One thing that grabbed me about this book was the alternating first person narratives. Caleb and Adam are very different but have an endearing quality to their differentness. Adam’s depression has been known to lead to self-harm – it’s nice to read of a boy in this position because this is thought to be mostly a girl’s issue. We meet Caleb before a fight he has after which he blacks out. The fight is the impetus to put him in therapy. There are no spoilers in that – we learn these things about both boys in the first couple of chapters.

Note that this is released as a ‘Bright Sessions Novel’, Dr. Bright being Caleb’s therapist. I’m not sure how I came to this book – my guess is that it was a Tor.com freebie, but it might have been some other special offer. That said, it wasn’t until I read the afterward that I learned that The Bright Sessions started out as an audio drama podcast. This gives the book (and its place in a series that has two more books, both of which have different protagonists) more sense. Because the voices came out of audio drama, they had to be unique. Shippen succeeds admirably in bringing these differences to the page.

I also love the fact that the main characters are queer and that their varieties of neurodivergence are normalized in the context of the story. The parents are concerned, but their concerns are mostly for the health and safety of their kids, not any kind of homophobia.

Even the bully doesn’t have an issue with the fact that the two main characters are dating. It’s a little utopic, but I love how Shippen normalizes the nature of queer love – the focus on all the things they’re dealing with (including all the heavy emotions of the protagonists’ internal states, the emotions of just being adolescent, and some schoolyard violence) isn’t compounded by the fact that they’re queer. The queerness is simply adjacent. But the parents, who are most definitely issue-laden, are cool with the fact that their sons are boys in love.
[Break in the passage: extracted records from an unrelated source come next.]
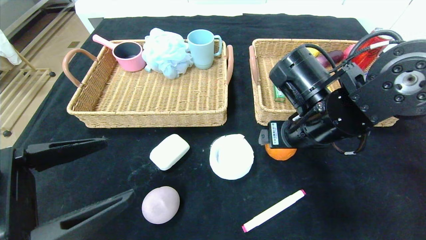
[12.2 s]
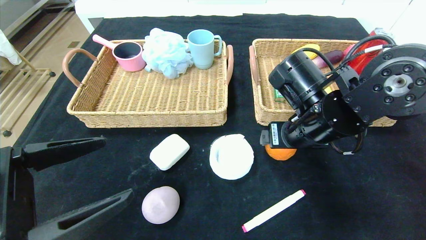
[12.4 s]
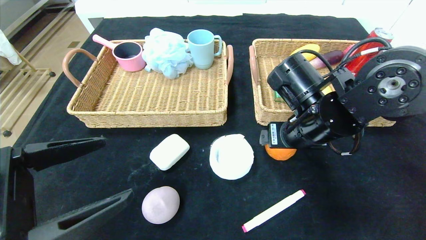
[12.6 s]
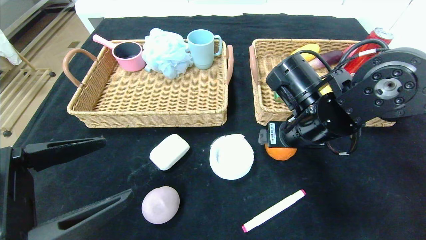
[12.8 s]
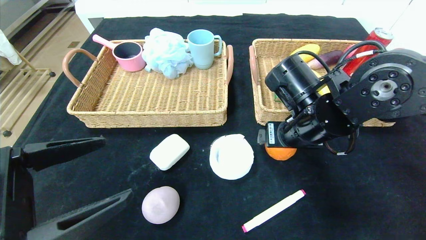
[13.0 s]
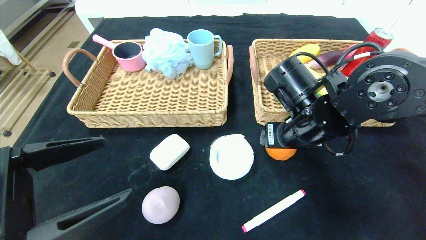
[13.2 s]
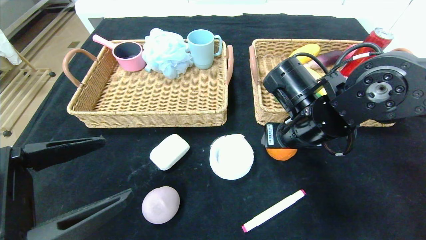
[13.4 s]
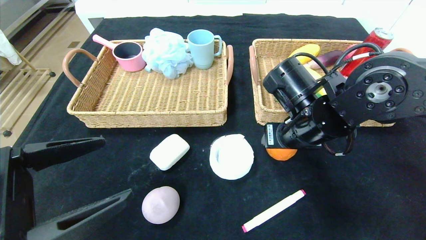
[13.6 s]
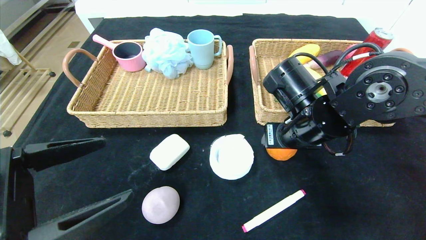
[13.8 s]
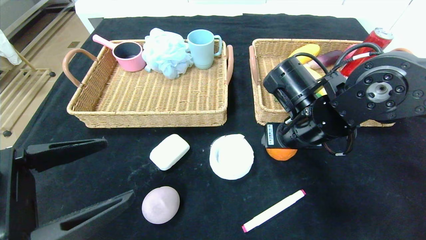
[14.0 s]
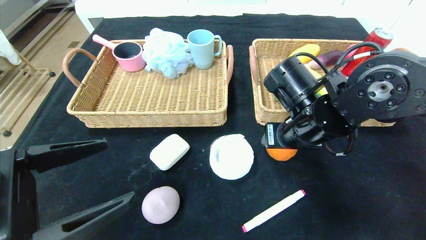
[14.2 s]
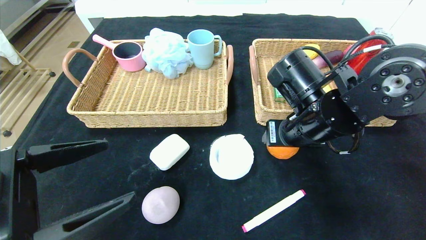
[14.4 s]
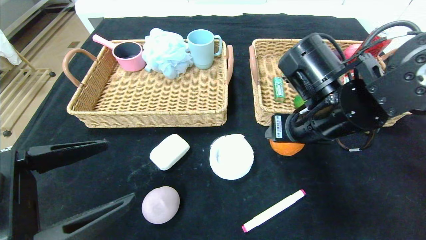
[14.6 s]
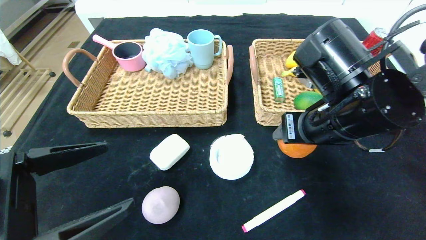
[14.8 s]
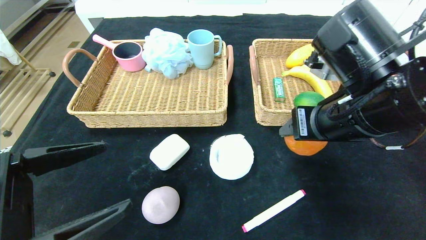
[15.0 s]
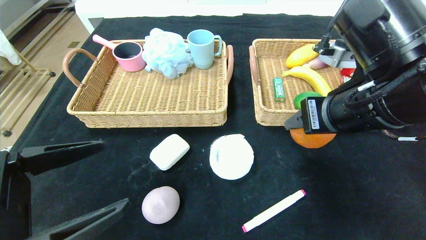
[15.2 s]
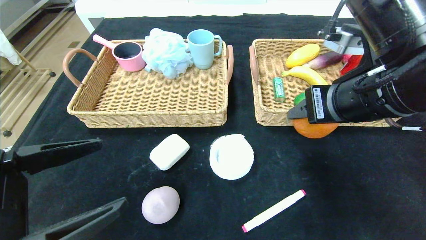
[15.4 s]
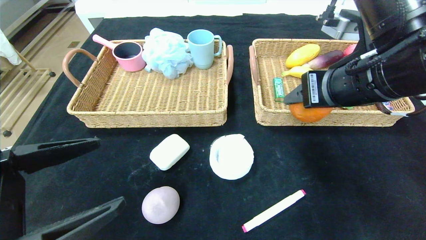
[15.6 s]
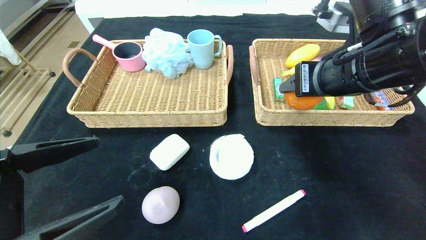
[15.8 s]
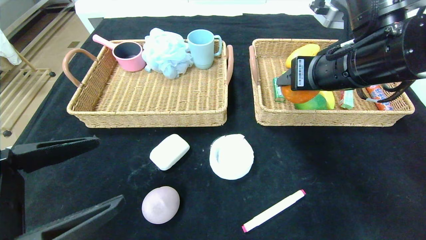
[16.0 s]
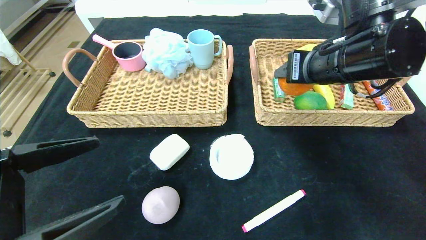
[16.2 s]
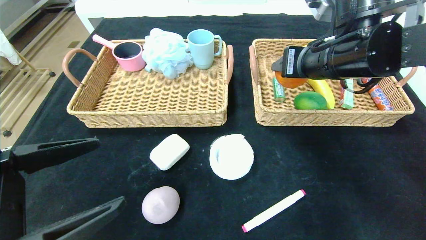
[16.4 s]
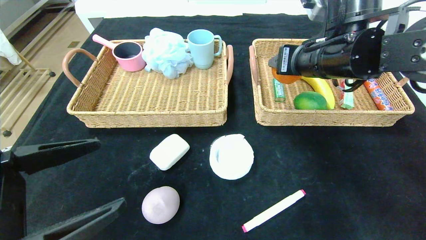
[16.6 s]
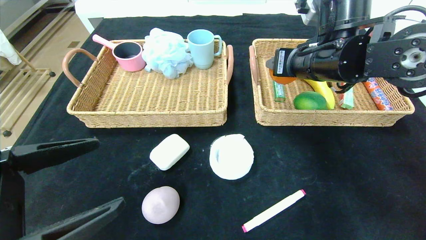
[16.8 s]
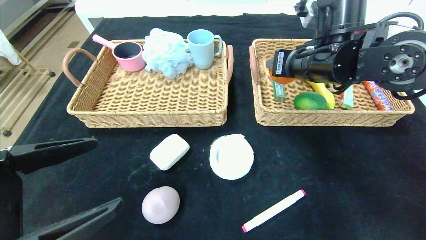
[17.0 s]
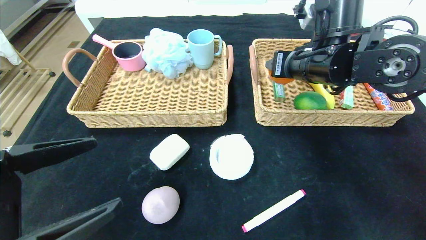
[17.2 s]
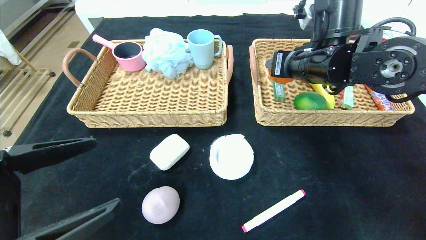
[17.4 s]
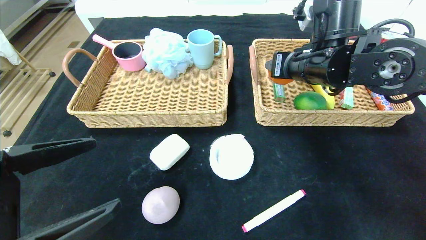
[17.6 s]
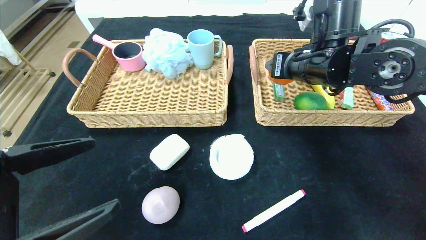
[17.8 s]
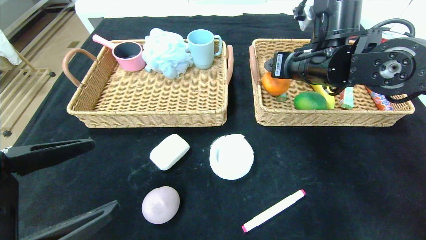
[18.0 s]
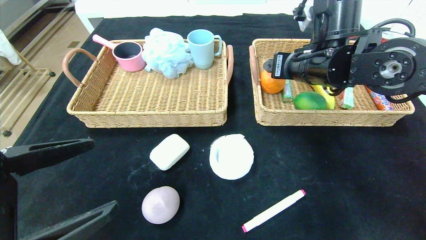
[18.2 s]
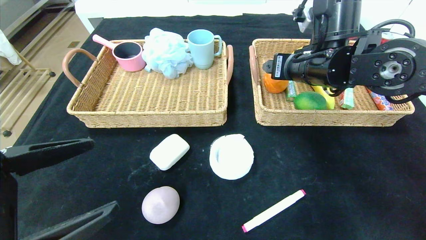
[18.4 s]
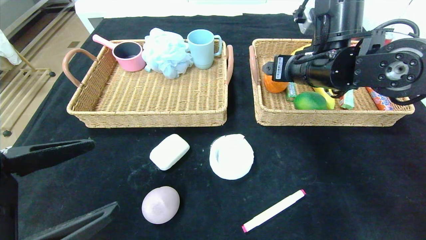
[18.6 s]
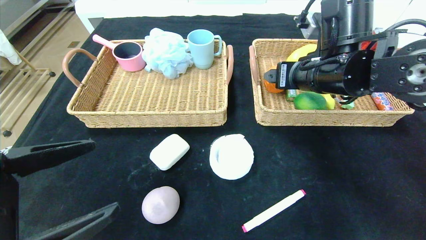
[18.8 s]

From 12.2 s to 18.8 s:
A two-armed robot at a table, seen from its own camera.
Step, from 12.2 s to 18.0 s: Grasp the orange and put it in the right basket.
From 12.2 s to 13.8 s: There are only small adjustments of the grippers.
From 13.8 s to 15.4 s: The right gripper heads upward and backward, covering roughly 10 cm.
From 15.4 s to 17.2 s: The right gripper heads forward, covering about 10 cm.
From 17.2 s to 18.8 s: There are only small adjustments of the grippers.
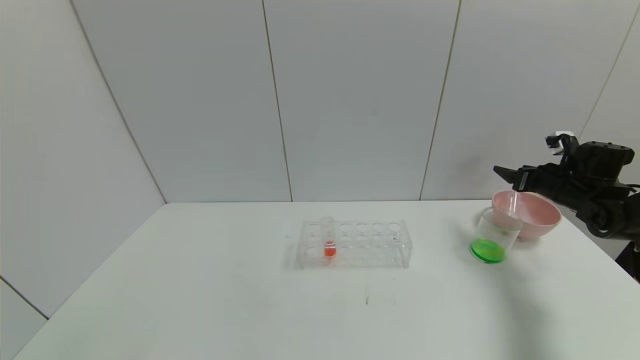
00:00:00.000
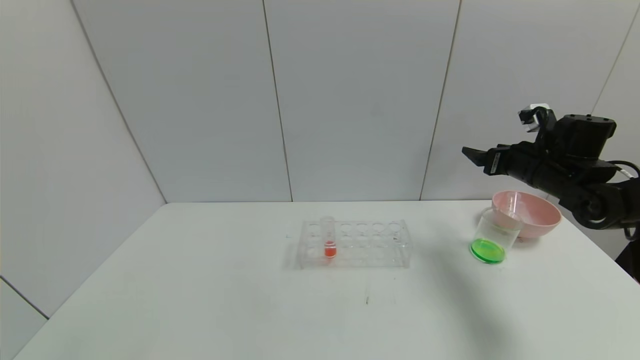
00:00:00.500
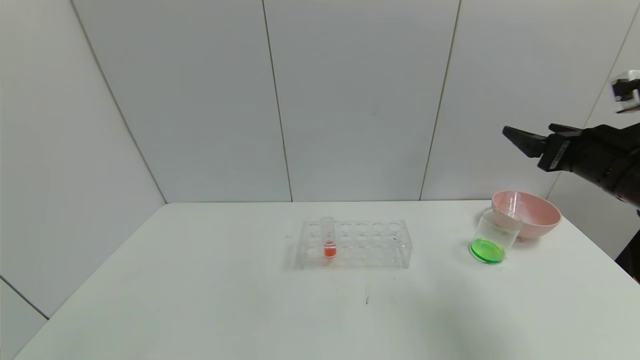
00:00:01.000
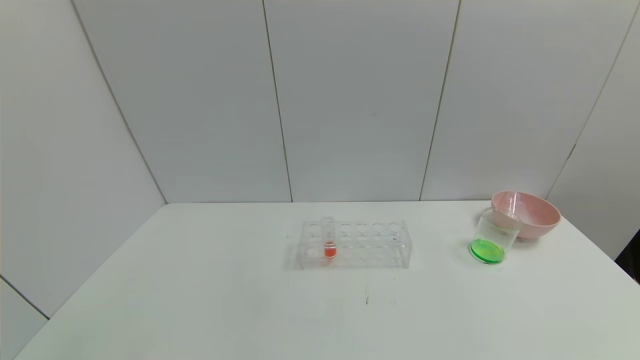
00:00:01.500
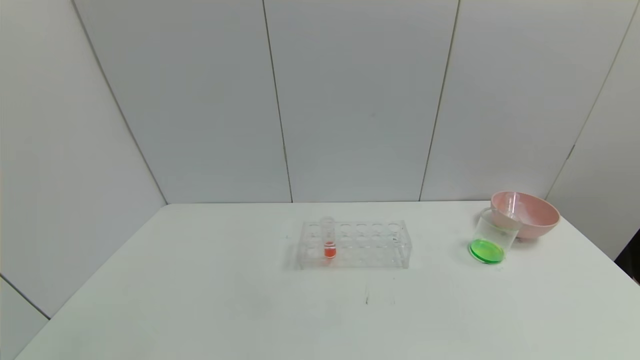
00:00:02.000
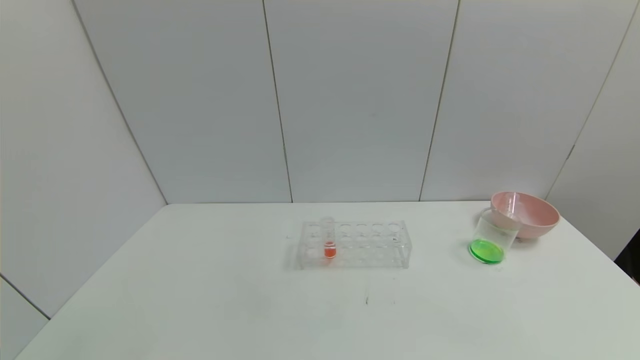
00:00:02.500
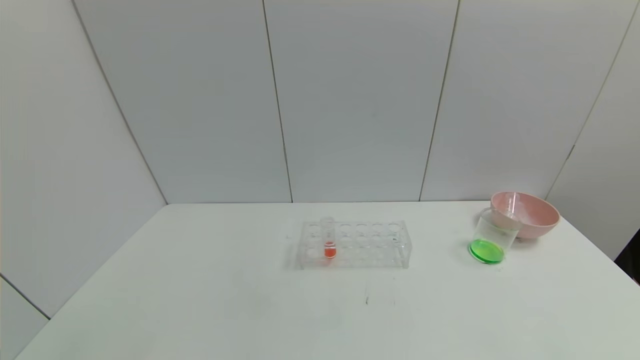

As the story progresses, what we experience is a courtship and burgeoning relationship that captures adolescent angst about these things in a way that feels especially accurate. It certainly brought to mind the ups and downs of my own adolescence, in a bittersweet way.

The trick with stories like this, comprised of first-person internal monologues, is that you have to want to be in the characters’ heads, even when they don’t want to be in their own heads. It’s a feat to make that emotional rollercoaster attractive and inviting and Shippen makes it work.

I really like Caleb and Adam, so I’m not sure how I’ll feel about the other books in the series. I’m curious about the original audio drama that gave birth to the stories. A couple of episodes of The Bright Sessions are waiting on my phone.